--- SUPPLIED DATA Enclosed Below ---
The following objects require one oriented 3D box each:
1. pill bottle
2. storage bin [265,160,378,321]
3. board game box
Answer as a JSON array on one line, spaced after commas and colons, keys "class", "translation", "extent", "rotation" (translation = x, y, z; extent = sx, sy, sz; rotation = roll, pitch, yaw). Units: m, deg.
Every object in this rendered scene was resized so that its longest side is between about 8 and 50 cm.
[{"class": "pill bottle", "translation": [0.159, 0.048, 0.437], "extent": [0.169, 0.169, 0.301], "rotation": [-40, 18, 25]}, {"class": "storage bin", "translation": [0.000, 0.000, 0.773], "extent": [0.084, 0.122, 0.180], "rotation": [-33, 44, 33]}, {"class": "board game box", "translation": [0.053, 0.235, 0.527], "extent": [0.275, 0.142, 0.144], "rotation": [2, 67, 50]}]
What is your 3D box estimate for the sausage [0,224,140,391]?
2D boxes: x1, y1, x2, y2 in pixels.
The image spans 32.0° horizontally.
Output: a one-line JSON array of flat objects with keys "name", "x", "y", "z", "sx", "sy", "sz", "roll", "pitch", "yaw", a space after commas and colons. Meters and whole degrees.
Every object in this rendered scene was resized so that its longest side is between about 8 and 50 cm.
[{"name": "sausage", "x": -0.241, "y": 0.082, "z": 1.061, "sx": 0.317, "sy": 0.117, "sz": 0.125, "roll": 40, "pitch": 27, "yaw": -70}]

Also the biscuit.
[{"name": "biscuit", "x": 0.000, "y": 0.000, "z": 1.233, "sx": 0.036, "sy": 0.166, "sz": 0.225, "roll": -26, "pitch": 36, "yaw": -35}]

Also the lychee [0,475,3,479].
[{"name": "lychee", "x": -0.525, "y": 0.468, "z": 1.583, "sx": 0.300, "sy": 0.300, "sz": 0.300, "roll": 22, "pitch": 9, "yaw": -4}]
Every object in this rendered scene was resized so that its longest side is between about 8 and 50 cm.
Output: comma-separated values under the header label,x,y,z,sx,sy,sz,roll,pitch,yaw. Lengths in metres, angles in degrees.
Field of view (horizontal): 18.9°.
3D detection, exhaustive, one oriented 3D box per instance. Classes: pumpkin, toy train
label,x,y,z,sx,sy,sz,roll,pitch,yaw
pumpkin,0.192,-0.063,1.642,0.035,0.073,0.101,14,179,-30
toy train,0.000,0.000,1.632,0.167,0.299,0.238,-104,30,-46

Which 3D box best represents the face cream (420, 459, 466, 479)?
--- End of Enclosed SUPPLIED DATA ---
DESCRIPTION OF THE TASK >> Every single entry above has to be copied exactly.

ANSWER BOX >>
The following objects require one oriented 3D box each:
1. pill bottle
2. storage bin [265,160,378,321]
3. board game box
Answer as a JSON array on one line, spaced after commas and colons, keys "class", "translation", "extent", "rotation" (translation = x, y, z; extent = sx, sy, sz; rotation = roll, pitch, yaw). Units: m, deg.
Every object in this rendered scene was resized so that its longest side is between about 8 and 50 cm.
[{"class": "pill bottle", "translation": [0.159, 0.048, 0.437], "extent": [0.169, 0.169, 0.301], "rotation": [-40, 18, 25]}, {"class": "storage bin", "translation": [0.000, 0.000, 0.773], "extent": [0.084, 0.122, 0.180], "rotation": [-33, 44, 33]}, {"class": "board game box", "translation": [0.053, 0.235, 0.527], "extent": [0.275, 0.142, 0.144], "rotation": [2, 67, 50]}]
What is your 3D box estimate for the sausage [0,224,140,391]?
2D boxes: x1, y1, x2, y2 in pixels.
The image spans 32.0° horizontally.
Output: a one-line JSON array of flat objects with keys "name", "x", "y", "z", "sx", "sy", "sz", "roll", "pitch", "yaw", a space after commas and colons. Meters and whole degrees.
Every object in this rendered scene was resized so that its longest side is between about 8 and 50 cm.
[{"name": "sausage", "x": -0.241, "y": 0.082, "z": 1.061, "sx": 0.317, "sy": 0.117, "sz": 0.125, "roll": 40, "pitch": 27, "yaw": -70}]

Also the biscuit.
[{"name": "biscuit", "x": 0.000, "y": 0.000, "z": 1.233, "sx": 0.036, "sy": 0.166, "sz": 0.225, "roll": -26, "pitch": 36, "yaw": -35}]

Also the lychee [0,475,3,479].
[{"name": "lychee", "x": -0.525, "y": 0.468, "z": 1.583, "sx": 0.300, "sy": 0.300, "sz": 0.300, "roll": 22, "pitch": 9, "yaw": -4}]
Every object in this rendered scene was resized so that its longest side is between about 8 and 50 cm.
Output: comma-separated values under the header label,x,y,z,sx,sy,sz,roll,pitch,yaw. Lengths in metres, angles in degrees.
Field of view (horizontal): 18.9°.
3D detection, exhaustive, one oriented 3D box per instance. Classes: pumpkin, toy train
label,x,y,z,sx,sy,sz,roll,pitch,yaw
pumpkin,0.192,-0.063,1.642,0.035,0.073,0.101,14,179,-30
toy train,0.000,0.000,1.632,0.167,0.299,0.238,-104,30,-46

Which 3D box best represents the face cream (420, 459, 466, 479)?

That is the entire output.